Dopo aver dato una sferzata importantissima al mercato internazionale con l’acquisizione di Full Tilt Poker, PokerStars ha deciso di intraprendere una strategia per far rispettare la proprietà intellettuale dei suoi nuovi assets chiedendo le domande per i brevetti di Rush Poker. Ma anche il Poker Zoom, che Stars aveva studiato proprio per controbattere il Rush quando ancora Ftp non era di sua proprietà, sarà oggetto di brevetto e di una serie di certificazioni proprio per proteggere questo enorme know how. Tutto questo potrebbe creare qualche problema per i tanti ‘poker veloci’ che sono stati lanciati dalle room maggiori di tutto il mondo. Che, però, sembrano alquanto tranquilli per il momento.

PokerStars ha confermato tutto questo e sta consultando i propri consulenti legali per sviluppare una strategia coordinata di applicazione dei brevetti. La società vuole una protezione ampia sul ‘poker veloce che ormai rappresenta una quota significativa del mercato del poker cash game. E tante società hanno lanciato la loro versione perché il prodotto è richiestissimo dai players. Microgaming ha Blaze Poker, iPoker ha Speed Hold’em e PartyPoker ha Fast Forward. Ci sono anche: Instadeal, attraverso la skin Terminal Poker e Fast Poker di Relax Gaming.
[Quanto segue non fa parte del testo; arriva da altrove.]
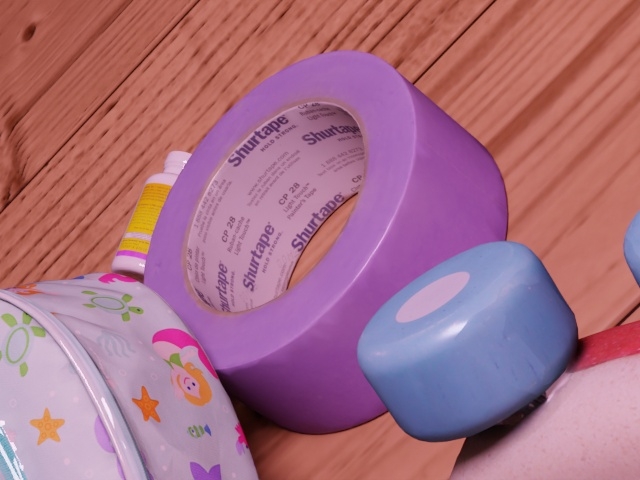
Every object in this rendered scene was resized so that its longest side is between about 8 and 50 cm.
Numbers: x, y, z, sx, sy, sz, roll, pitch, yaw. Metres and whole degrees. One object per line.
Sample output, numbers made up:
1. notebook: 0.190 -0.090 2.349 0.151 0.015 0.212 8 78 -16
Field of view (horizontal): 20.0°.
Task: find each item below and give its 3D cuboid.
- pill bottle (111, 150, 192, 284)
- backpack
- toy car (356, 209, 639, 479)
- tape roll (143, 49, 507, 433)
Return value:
1. pill bottle: -0.092 -0.011 1.093 0.043 0.043 0.083 -3 60 47
2. backpack: -0.160 0.138 0.890 0.253 0.191 0.225 -34 73 27
3. toy car: 0.171 0.049 0.671 0.210 0.219 0.238 -23 17 36
4. tape roll: 0.000 0.000 0.953 0.189 0.080 0.189 -29 42 30
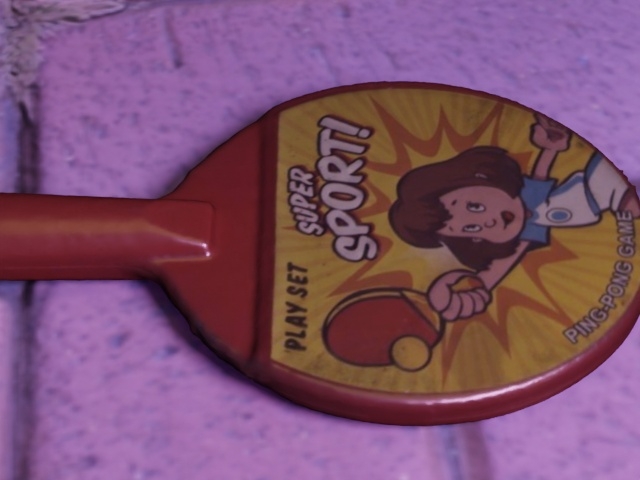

Lo scorso aprile, è stato stimato che uno mano online su quattro era giocata a poker fast. Con il lancio di tanti prodotti è possibile che questi numeri siano aumentati. Ed è probabile che il valore del software di Full Tilt voli alle stelle superando addirittura i soldi pagati da PokerStars per acquistare l’intera azienda.

Insomma, la room leader al mondo forse vuole accrescere il valore della sua nuova azienda e ottenere notevoli sgravi economici da questa manovra. Una plusvalenza bella e buona e realizzata dall’interno.

I concorrenti di PokerStars e Full Tilt però sono tranquilli. Secondo il ceo di Instadeal, Per Hildebrand tali brevetti sono “semplicemente inapplicabili” e ha commentato sarcasticamente sulla strategia PokerStars: “E’ curioso il fatto che ora PokerStars voglia brevettare il Rush Poker dopo aver investito tantissimo per creare Zoom quando ancora Full Tilt era loro avversario. Per questo siamo tranquilli che i loro avvocati faranno un buco nell’acqua”.